0

Apple introduces Diffucoder: 7B diffusion LLM tailored to code generation

Diffusion LLM as a paradigm transfer for code generation

LLM has revolutionized natural language processing, with impressive results from conversations to code generation tasks. The mask diffusion model has become an alternative and extends it to diffusion-based LLMS such as LLADA and DREAM. The model iteratively parallels to draw the entire order, allowing global content planning. The diffusion LLM method is very suitable for code generation, as writing code often involves non-sequential round-trip simplification. However, it is not clear how open source diffusion LLM performs on coding tasks. This is because existing post-training work shows marginal benefits or reliance on semi-automatic wizard decoding, which deviates from the global planning nature of diffusion.

The evolution of text diffusion model and its impact on code synthesis

Early text diffusion models include mask diffusion models, and recent expansion work has produced diffusion LLMs such as Diffillama, Llada, and Dream. Block diffusion proposes a hybrid method for diffusion within each block. Multi-models such as Lavida, Mmada and Dimpl combine text diffusion models with visual models. In code generation, CodeFusion is the first to combine diffusion models with code generation, but only for small-scale models and simple tasks. Recent commercial scale diffusions of LLM, such as Mercury and Gemini, have shown comparable performance to leading autocyclotron code models. However, the RL approach using current DLLMs of GRPO (such as D1 and MMADA) depends on the block diffusion decoding during the outgoing and evaluation process.
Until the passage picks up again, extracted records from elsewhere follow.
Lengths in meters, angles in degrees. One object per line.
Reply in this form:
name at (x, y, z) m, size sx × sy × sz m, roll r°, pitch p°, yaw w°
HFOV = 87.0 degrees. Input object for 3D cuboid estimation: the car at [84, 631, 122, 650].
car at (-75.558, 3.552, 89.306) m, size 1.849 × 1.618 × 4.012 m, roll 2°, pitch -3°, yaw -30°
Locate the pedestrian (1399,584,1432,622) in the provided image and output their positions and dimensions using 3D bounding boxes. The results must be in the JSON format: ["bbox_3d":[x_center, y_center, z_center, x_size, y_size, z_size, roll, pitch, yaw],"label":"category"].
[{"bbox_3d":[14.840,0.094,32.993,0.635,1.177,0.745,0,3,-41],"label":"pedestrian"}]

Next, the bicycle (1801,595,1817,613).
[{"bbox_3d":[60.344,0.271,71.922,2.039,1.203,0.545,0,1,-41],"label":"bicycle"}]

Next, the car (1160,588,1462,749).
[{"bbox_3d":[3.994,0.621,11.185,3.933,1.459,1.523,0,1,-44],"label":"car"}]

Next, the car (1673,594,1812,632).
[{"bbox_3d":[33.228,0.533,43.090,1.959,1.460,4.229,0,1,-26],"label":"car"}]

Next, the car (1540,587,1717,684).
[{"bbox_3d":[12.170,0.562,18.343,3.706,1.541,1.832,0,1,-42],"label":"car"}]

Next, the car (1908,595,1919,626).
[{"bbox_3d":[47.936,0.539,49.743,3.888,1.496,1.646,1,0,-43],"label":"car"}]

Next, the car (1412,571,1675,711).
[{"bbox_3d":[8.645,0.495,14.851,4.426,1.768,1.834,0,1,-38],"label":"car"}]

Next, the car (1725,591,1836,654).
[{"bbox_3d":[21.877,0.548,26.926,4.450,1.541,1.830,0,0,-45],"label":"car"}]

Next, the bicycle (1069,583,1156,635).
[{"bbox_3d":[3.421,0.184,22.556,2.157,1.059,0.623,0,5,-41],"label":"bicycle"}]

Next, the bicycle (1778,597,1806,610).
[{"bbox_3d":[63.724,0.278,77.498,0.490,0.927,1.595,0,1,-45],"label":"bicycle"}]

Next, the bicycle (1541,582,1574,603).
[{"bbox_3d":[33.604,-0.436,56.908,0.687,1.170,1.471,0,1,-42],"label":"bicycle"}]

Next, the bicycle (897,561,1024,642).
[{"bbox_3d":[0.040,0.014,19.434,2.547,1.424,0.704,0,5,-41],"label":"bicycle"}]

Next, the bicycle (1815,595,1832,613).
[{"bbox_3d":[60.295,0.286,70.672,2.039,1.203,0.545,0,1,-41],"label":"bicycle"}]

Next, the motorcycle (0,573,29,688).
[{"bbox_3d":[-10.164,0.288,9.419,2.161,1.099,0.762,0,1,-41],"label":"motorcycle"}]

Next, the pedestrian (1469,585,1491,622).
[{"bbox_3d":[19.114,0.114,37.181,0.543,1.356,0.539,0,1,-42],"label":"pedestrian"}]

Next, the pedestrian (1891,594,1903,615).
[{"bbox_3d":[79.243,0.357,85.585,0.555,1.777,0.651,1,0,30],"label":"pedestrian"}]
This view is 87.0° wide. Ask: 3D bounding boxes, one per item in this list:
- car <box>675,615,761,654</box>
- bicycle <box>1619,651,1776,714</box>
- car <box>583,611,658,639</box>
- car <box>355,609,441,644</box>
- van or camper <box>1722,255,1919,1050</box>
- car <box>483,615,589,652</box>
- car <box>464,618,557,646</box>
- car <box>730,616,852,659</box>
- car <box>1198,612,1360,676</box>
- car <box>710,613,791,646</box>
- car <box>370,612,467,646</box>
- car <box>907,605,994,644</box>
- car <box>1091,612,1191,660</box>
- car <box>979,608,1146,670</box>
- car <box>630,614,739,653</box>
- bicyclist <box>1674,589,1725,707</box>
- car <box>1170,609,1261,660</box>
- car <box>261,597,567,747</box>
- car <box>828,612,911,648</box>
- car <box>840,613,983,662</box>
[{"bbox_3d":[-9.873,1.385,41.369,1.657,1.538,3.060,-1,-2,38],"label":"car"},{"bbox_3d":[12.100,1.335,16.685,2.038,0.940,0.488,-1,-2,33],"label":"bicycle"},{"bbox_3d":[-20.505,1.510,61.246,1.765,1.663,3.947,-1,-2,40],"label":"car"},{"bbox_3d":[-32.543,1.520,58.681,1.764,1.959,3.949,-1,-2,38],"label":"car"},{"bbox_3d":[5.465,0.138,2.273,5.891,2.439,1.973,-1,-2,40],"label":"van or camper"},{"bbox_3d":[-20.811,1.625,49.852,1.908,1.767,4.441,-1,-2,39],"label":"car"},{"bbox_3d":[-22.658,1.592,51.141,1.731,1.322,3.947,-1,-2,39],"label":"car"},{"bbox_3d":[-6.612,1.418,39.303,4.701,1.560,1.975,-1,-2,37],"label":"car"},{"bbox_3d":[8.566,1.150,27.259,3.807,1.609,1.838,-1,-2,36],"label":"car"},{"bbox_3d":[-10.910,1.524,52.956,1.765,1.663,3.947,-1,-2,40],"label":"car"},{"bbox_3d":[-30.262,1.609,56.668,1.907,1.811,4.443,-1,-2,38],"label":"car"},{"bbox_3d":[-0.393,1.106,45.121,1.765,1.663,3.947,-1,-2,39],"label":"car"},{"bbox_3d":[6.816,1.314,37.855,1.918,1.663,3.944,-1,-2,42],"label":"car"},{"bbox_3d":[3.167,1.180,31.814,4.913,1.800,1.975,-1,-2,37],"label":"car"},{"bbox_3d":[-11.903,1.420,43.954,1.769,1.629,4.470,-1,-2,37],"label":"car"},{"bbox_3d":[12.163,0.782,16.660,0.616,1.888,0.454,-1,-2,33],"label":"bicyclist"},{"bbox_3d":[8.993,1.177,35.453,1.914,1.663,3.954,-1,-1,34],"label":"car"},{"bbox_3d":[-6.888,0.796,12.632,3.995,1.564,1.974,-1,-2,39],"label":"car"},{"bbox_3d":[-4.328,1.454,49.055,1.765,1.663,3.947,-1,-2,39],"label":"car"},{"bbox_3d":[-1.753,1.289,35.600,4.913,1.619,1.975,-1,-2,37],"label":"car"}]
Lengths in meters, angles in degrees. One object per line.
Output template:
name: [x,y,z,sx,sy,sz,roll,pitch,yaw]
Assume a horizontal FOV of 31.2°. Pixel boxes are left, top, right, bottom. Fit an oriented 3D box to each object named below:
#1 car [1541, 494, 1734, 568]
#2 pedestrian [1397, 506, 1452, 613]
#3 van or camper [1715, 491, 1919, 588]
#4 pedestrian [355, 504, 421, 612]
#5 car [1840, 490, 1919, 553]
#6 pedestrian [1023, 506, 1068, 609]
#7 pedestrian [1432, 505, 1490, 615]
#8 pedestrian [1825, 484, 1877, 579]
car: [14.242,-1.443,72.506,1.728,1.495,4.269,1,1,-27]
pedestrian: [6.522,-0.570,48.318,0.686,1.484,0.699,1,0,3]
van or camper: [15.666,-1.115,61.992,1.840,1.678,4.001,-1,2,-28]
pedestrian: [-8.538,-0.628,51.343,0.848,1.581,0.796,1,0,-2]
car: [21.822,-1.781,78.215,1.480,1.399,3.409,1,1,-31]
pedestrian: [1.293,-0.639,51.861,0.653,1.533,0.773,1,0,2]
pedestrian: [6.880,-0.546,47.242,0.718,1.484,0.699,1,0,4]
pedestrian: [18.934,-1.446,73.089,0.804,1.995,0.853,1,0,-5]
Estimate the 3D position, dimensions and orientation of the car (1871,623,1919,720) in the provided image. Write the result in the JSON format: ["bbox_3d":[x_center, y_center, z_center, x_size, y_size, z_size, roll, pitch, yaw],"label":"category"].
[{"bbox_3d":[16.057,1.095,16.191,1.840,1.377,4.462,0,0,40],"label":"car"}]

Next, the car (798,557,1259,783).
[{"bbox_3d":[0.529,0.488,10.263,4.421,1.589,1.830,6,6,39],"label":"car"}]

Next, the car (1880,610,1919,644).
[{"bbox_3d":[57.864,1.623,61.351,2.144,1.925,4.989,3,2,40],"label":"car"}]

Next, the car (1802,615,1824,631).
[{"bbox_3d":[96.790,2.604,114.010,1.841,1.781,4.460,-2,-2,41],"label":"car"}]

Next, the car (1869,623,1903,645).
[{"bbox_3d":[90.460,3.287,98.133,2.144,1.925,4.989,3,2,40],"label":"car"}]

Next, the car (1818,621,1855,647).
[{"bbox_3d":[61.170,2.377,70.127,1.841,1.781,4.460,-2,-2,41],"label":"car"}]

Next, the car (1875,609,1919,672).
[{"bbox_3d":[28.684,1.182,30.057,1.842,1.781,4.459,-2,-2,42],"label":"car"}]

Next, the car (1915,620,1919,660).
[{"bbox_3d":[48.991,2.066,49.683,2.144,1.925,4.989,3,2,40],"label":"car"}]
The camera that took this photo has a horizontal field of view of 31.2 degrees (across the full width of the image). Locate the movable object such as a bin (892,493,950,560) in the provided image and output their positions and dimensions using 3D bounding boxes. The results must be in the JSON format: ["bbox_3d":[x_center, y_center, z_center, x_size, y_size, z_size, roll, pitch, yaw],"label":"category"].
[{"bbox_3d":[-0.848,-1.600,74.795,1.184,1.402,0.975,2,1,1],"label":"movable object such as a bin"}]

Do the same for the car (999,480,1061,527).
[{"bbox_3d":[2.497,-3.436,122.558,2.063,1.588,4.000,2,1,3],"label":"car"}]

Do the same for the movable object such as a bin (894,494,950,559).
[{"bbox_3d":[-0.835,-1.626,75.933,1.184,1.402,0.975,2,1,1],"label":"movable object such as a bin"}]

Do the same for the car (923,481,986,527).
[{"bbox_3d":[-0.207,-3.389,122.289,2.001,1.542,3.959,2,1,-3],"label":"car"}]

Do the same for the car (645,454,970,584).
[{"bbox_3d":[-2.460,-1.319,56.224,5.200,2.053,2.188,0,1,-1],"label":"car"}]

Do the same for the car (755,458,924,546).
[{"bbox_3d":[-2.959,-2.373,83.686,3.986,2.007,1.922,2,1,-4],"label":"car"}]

Apple and HKU introduce Diffucoder: a dedicated diffusion model for code

Researchers from Apple and the University of Hong Kong proposed that Diffucoder is a 7B-scale masking diffusion model specially used for code generation, training on 130B valid tokens. Make it a valuable test bed for exploring diffusion-based LLM behavior and advancing post-training methods. The researchers introduced local and global autoregressive metrics to measure how to follow a left-to-right pattern. Analysis shows that diffusion LLMS exhibits entropy tank effect, resulting in a strong causal deviation that is conditionally generated. As the sampling temperature increases from 0.2 to 1.2, the differentiator becomes more flexible in the order of token generation, freeing itself from the strict left and right limits, and obtaining higher passes on 10 accuracy.

Four-stage training pipeline using oil refining and coupled GRPO

The researchers adjusted their model from QWEN-2.5 encoding to the base model and used Refinecode and STACKV2’s 400B token code pre-training corpus for continuous pre-training. The training consists of four stages: adaptation pre-training, mid-term training, annealing code data with 16B tokens, instruction adjustment using 436K SFT samples, and training using coupled GRPO with 21K hard samples from AceCoder-87K. After processing the 65B token, the early stops in phase 1. Phase 2 was trained for 4 periods, with a total of 65B tokens. The evaluation environment is built using BigCodeBench’s three code benchmarks (Humaneval, MBPP and Evalplus). They include full and hard subsets covering completed and directive-based query types.

Benchmark results: Performance and optimization insights from Diffucucoder

Diffucoder was trained on 130B code tokens, which is comparable to QWEN2.5 encoding and OpenCoder. However, compared with QWEN2.5-CODER+SFT, all DLLMs show only edge improvements to the base model after guidance adjustments, which can be significant improvements through guidance adjustments to the same data. Furthermore, coupled GRPO training exhibits strong effectiveness, while baseline variants (e.g., D1, sampling of comprehensive masking completion and decoupling) tend to exhibit unstable reward learning behaviors. The optimal sampling temperature for RL fine-tuning during evaluation increased from 0.2 to higher values, indicating that training can be gradually distributed. This reduces the model’s dependence on strict automatic back-decoding and enhances its ability to generate tokens in parallel.

The future of coupled GRPO and diffusion-based code models

In this article, the researchers propose Diffucoder, a 7B-scale open source diffusion model of code with powerful performance, as well as its complete training recipe and detailed analysis of code-generated DLLM. They further introduced coupled GRPO, an RL algorithm that respects the non-gravity properties of DLLM through coupled sampling techniques for more accurate probability estimates. Coupled GRPO improves the performance of Diffucoder and shows the effectiveness of the RL method consistent with the diffusion principle. This work provides the community with deeper insights into DLLM and provides a solid foundation for future research into its application in complex inference and generative tasks.


View the paper and code. All credits for this study are to the researchers on the project.

Ready to connect with 1 million+ AI development/engineers/researchers? See how NVIDIA, LG AI Research and Advanced AI companies leverage Marktechpost to reach target audiences [Learn More]


Sajjad Ansari is a final year undergraduate student from IIT Kharagpur. As a technology enthusiast, he delves into the practical application of AI, focusing on understanding AI technology and its real-world impact. He aims to express complex AI concepts in a clear and easy way.